Read Got Thrills? A Boxed Set (A McCray Collection) Online
Authors: Carolyn McCray
Jonathan shouted, “Now!”
Leo didn’t have to be told twice. He pulled the knife from his sock and stabbed upward, burying the stainless steel deep into Ruf. Leo knew everyone else was in motion as screams and cries echoed off the small kitchen, but he was more concerned with the fact that Ruf didn’t seem all that bothered by the knife gutting his stomach.
Leo scrambled and grabbed another knife from the table.
“This is for Jerome,” Leo said as he sank that hilt into Ruf’s belly as well.
The big man clapped again, though. Seemingly delighted, Ruf picked up another steak knife and stabbed himself.
“That tickles!” Ruf said, picking up a knife from the table. “My turn!”
* * *
Stacey wanted to do her part, but the pepper spray was under the table, and she could barely breathe with Ma’s leg firmly planted on her chest.

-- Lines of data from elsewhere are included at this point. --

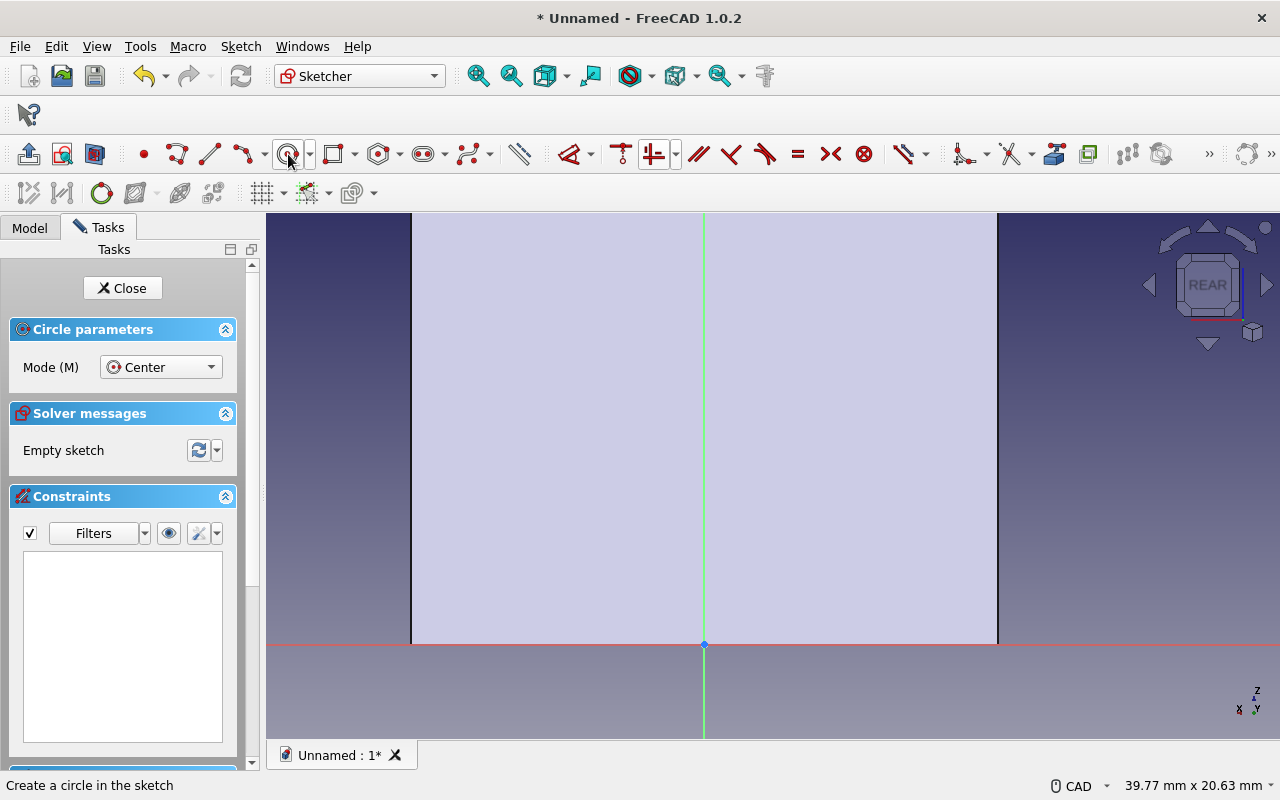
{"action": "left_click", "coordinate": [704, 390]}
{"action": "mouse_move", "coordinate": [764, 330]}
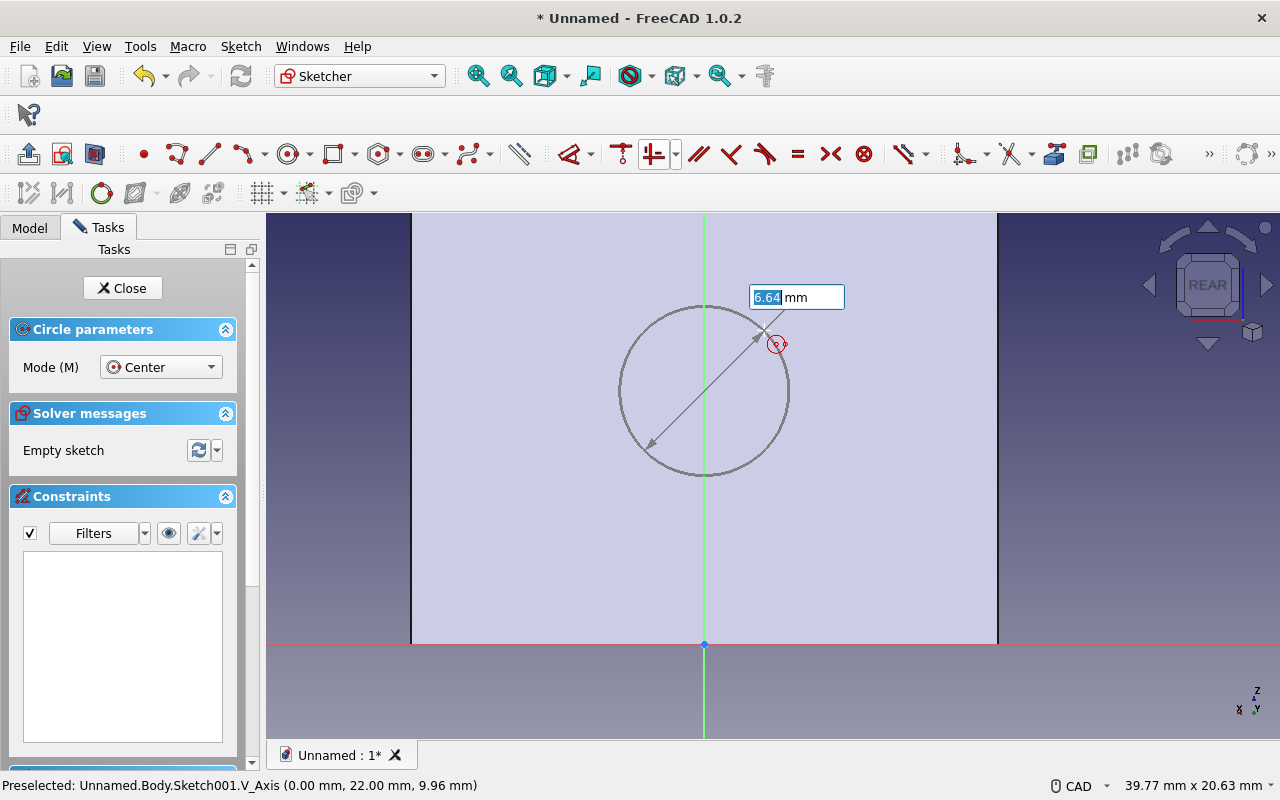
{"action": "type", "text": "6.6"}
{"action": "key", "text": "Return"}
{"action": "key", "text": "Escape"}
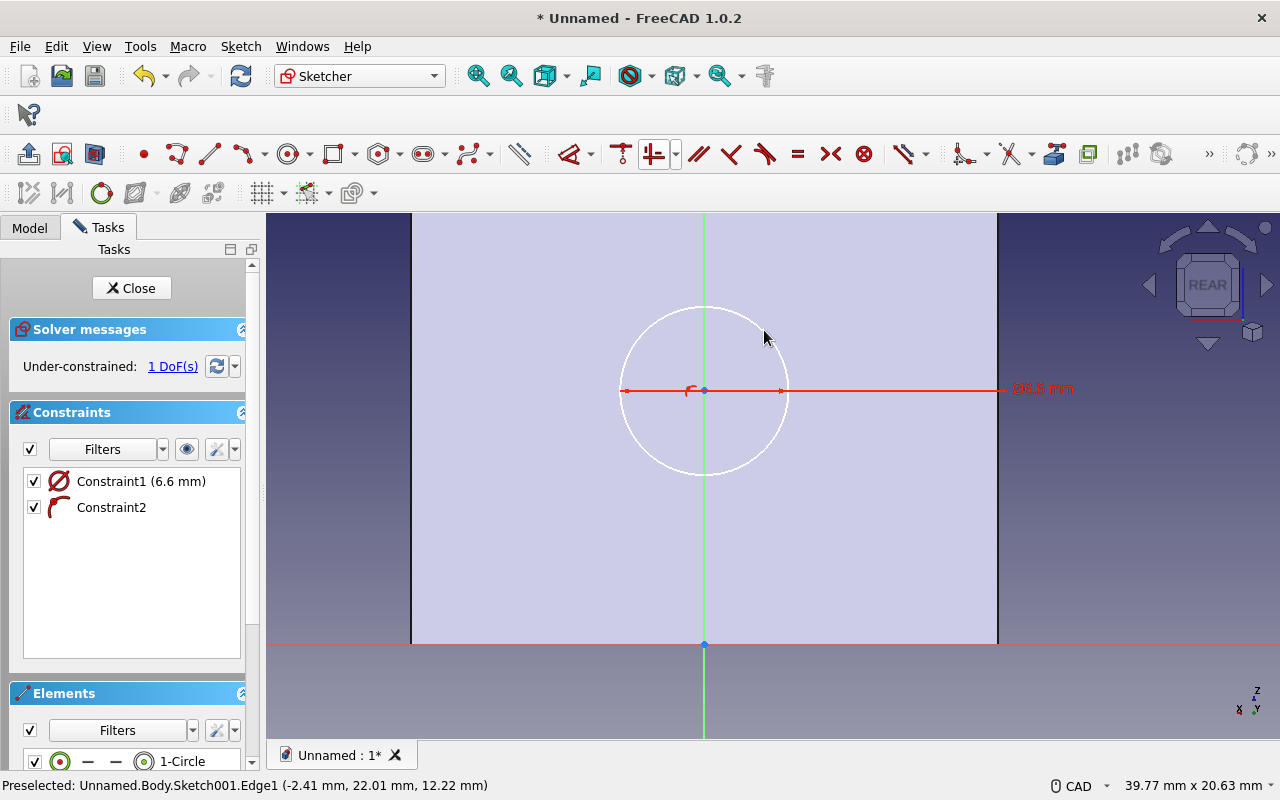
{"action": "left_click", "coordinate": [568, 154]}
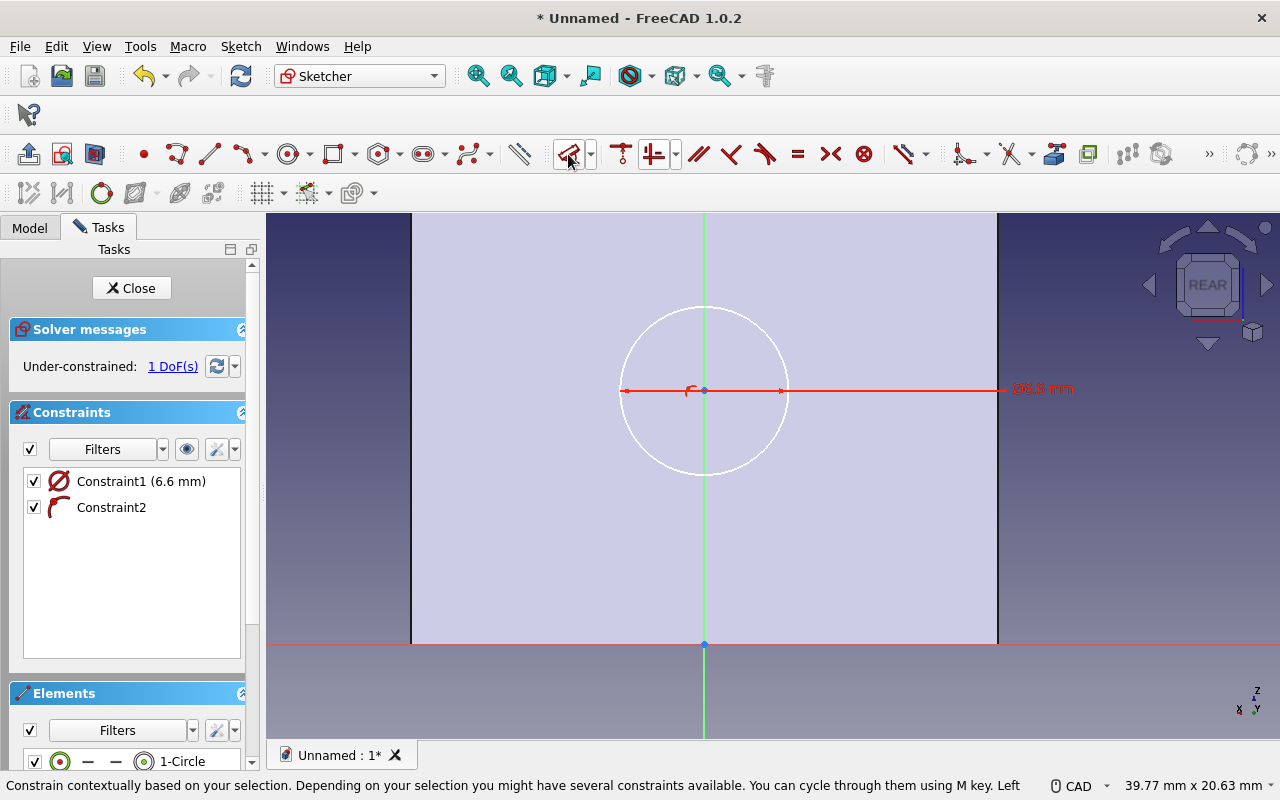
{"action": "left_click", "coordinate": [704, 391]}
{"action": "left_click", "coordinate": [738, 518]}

And the woman still had a death grip on Stacey’s wrist.
Helpless, she watched Ruf raise the knife over his head, aiming downward at Leo. This was
so
not the plan. This was supposed to be a fact-finding trip. How could they have known that the family would pull a blitz attack at supper? And they certainly hadn’t factored Ma into the equation.
The knife sliced through air as Jonathan shouted, “Stop!”
Stacey watched as he broke free of Bitsy’s hold, pulled his gun and aimed it at her head.
“I said, stop!”
Ruf’s arm was in motion, though, and the sheer weight of it brought the knife down. Leo, however, blocked the blow and then twisted Ruf’s wrist, causing the big man to scream like a little baby as he dropped the blade.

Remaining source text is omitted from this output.